И все же, именно она и притягивает его к Итадори. Годжо назвал его чокнутым, и был прав – Итадори без малейшего колебания может вцепиться в горло проклятию и разорвать его голыми руками, если это будет необходимо.
Но Итадори, ко всему прочему, добр, так что любой может прорваться к его сердцу. Его глаза видят светлую сторону вещей – и не замечают их теней.
Мегуми хорошо знакомы тени.
Мегуми никогда не был влюблен. Сколько бы другие дети из средней школы ни бредили этим, казалось, что это не более чем глупое избирательное безумие, которое делает тебя одержимым кем-то. Ты становишься слабым, мягким, разум плавится, ты не видишь его недостатков и отчаянно жаждешь его внимания. Мегуми не нуждался в этом. Все еще не нуждается, вообще-то, но его сердце отстойно расставляет приоритеты.
Первое, что он делает – игнорирует все. Насколько ему известно, Итадори нравятся высокие девушки с большими задницами, или девушки, которые что пишут, что едят одинаково элегантно. Из всего этого списка он вычеркивает слово «высокие» – и больше ничего. У них есть другие, более серьезные проблемы: опасность, угрожающая Итадори, постепенный рост власти Сукуны, козни, которые строят проклятия. Не хватало им еще какой-то дурацкой романтической драмы в придачу. Итадори этого не заслуживает. Мегуми сможет справиться с этим. Он привык управлять своими чувствами.
Все равно это пройдет.
Итадори с легкостью касается Мегуми: похлопывает его по спине, сжимает его щеки, толкает локтем или хватает за руку, привлекая его внимание. Когда они сидят вместе на заднем сидении автомобиля, он наклоняется к нему, чтобы заглянуть в его телефон, чтобы поговорить с водителем, чтобы сделать… что бы ни поразило его воображение в тот момент – шквал веских причин, ускользающих из головы Мегуми всякий раз, когда эта близость сжигает его рациональность.

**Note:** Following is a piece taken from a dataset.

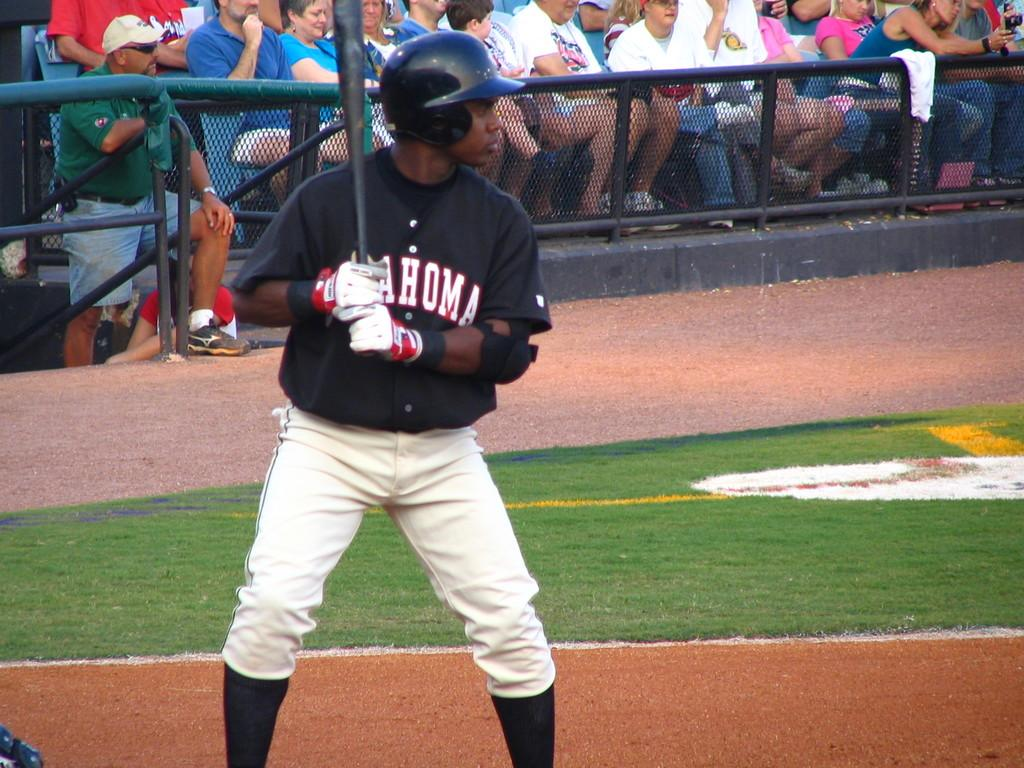<image>
Present a compact description of the photo's key features. Baseball player at bat with a black jersey that has oklahoma in white letters.

Итадори не делает такого с Нобарой – но она девушка, поэтому, возможно, ему кажется, что прикосновение к ней будет выглядеть двусмысленно. Тактильные контакты всегда проще воспринимаются, если вы друзья.
Мегуми бесит то, что он так много времени тратит на обдумывание этой глупой ерунды. Ненавидит то, как ему становится труднее дышать, а кожа словно натягивается всякий раз, когда Юджи слишком близко. Его раздражает то, сколько он думает о Юджи – о мечтах, желаниях, тревогах и разочаровании, которое гложет его, когда другие обращаются с Юджи как с монстром. Терпеть не может то, что решает избегать Юджи только для того, чтобы найти сотню причин поговорить с ним позже.
Его бесит, что…
– Это так заметно, – шепчет Сукуна.
Его голос низкий, злорадно скрипучий. Звучит так похоже на голос Итадори, что Мегуми до боли сжимает зубы.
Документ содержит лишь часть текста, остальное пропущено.